A friend who knows I want to get into ethnography research sent me an article based on a conversation we had. It turns out, it’s from Martin Lindstrom. A guy who may have a little bit of controversy surrounding him, but nonetheless, is excellent at what he does. He talks about an honest interview he had with a consumer that stayed with him throughout the course of his career. All he did was show up unannounced and met the real person. Not the person she had probably intended on him meeting.
I am a staunch believer that an effective interviewer works beyond building a rapport and tries to find reality. The you that wears a robe, wakes up with tart breath and thinks things you’ll never share out loud. They’ll try to get to know the customer on all possible levels to impart the psychological matchmaking of your attitude with their brand.
My hunch is this lack of this customer/brand dimensionality is why the OWN network is hemorrhaging. Have you seen the Oprah show? It’s a lot! (And I say that as someone whose clouds always have silver linings and realize that I’ll always be working to be a better person.) Swallowing that medicine for an hour is uplifting and aspirational. Experiencing that 24/7 is suffocating, preachy and damn near impossible to navigate.
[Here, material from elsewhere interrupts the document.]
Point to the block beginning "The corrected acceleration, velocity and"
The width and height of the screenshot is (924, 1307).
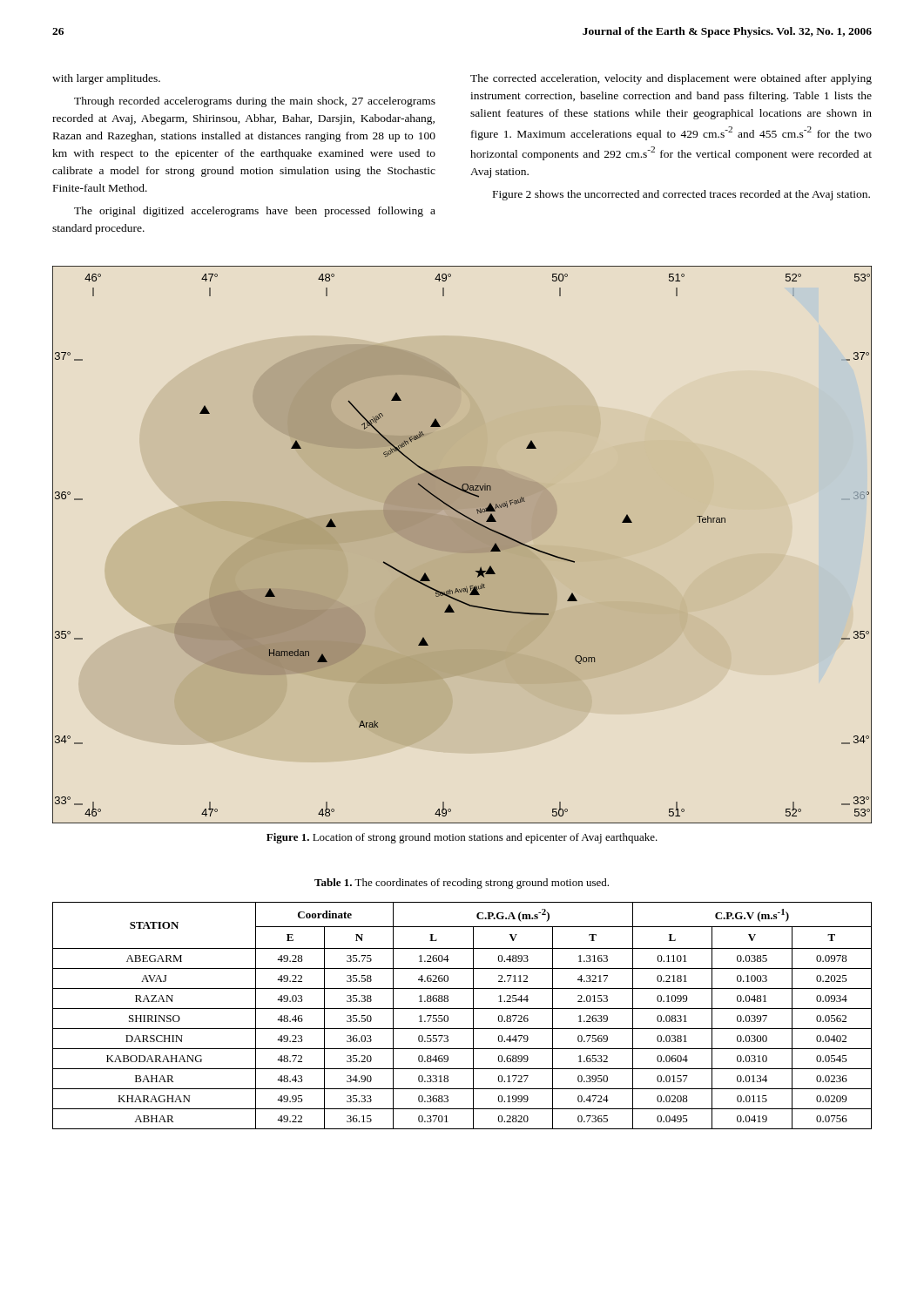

Don’t get me wrong, her brand is amazing. Although I’m not a staunch follower, the woman has built a persona/celebrity brand that will educate marketers and image consultants for decades. The “rub” is branding should be about the feeling you get when engaging with the product, not the product itself. Engaging with Oprah for a couple of hours, or with a magazine I can set down, feels good. More than that, I can’t stop questioning who I am, what I do and if it’s good enough.
Do you know enough about your customers to see who they are in their robes as well as who they are dressed up? If not, I hope they only engage with your brand when on guard. If not, your brand integrity could be on the line.